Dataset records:
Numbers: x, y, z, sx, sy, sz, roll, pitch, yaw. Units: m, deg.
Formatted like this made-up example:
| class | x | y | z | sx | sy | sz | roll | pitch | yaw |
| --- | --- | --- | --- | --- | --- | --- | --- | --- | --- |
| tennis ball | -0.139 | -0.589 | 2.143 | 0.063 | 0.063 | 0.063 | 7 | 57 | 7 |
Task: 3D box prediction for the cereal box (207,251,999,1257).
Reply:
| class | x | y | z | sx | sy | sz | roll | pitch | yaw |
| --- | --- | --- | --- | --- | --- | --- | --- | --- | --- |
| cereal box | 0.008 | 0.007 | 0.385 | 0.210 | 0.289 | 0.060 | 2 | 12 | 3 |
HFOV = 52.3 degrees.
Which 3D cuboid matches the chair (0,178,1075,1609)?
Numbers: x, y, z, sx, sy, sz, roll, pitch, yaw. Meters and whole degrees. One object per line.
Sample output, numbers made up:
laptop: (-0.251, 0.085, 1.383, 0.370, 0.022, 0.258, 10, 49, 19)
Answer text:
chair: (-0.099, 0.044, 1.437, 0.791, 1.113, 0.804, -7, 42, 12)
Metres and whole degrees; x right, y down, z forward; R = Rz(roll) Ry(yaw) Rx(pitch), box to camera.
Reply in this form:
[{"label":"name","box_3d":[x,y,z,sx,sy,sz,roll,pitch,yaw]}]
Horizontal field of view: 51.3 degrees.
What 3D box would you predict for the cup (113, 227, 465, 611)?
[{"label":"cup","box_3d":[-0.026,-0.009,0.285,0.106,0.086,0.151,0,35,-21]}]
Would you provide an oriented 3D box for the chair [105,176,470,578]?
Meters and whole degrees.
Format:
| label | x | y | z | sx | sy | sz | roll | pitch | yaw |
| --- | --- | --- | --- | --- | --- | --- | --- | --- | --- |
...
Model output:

What you are asked to do: The line with "Which 3D cuboid" marks where to start. Transcribe from there through the final line of the records, exactly and with nothing added.

Completed exercise:
Which 3D cuboid matches the chair (0,178,1075,1609)?
Numbers: x, y, z, sx, sy, sz, roll, pitch, yaw. Meters and whole degrees. One object per line.
Sample output, numbers made up:
laptop: (-0.251, 0.085, 1.383, 0.370, 0.022, 0.258, 10, 49, 19)
Answer text:
chair: (-0.099, 0.044, 1.437, 0.791, 1.113, 0.804, -7, 42, 12)
Metres and whole degrees; x right, y down, z forward; R = Rz(roll) Ry(yaw) Rx(pitch), box to camera.
Reply in this form:
[{"label":"name","box_3d":[x,y,z,sx,sy,sz,roll,pitch,yaw]}]
Horizontal field of view: 51.3 degrees.
What 3D box would you predict for the cup (113, 227, 465, 611)?
[{"label":"cup","box_3d":[-0.026,-0.009,0.285,0.106,0.086,0.151,0,35,-21]}]
Would you provide an oriented 3D box for the chair [105,176,470,578]?
Meters and whole degrees.
Format:
| label | x | y | z | sx | sy | sz | roll | pitch | yaw |
| --- | --- | --- | --- | --- | --- | --- | --- | --- | --- |
...
Model output:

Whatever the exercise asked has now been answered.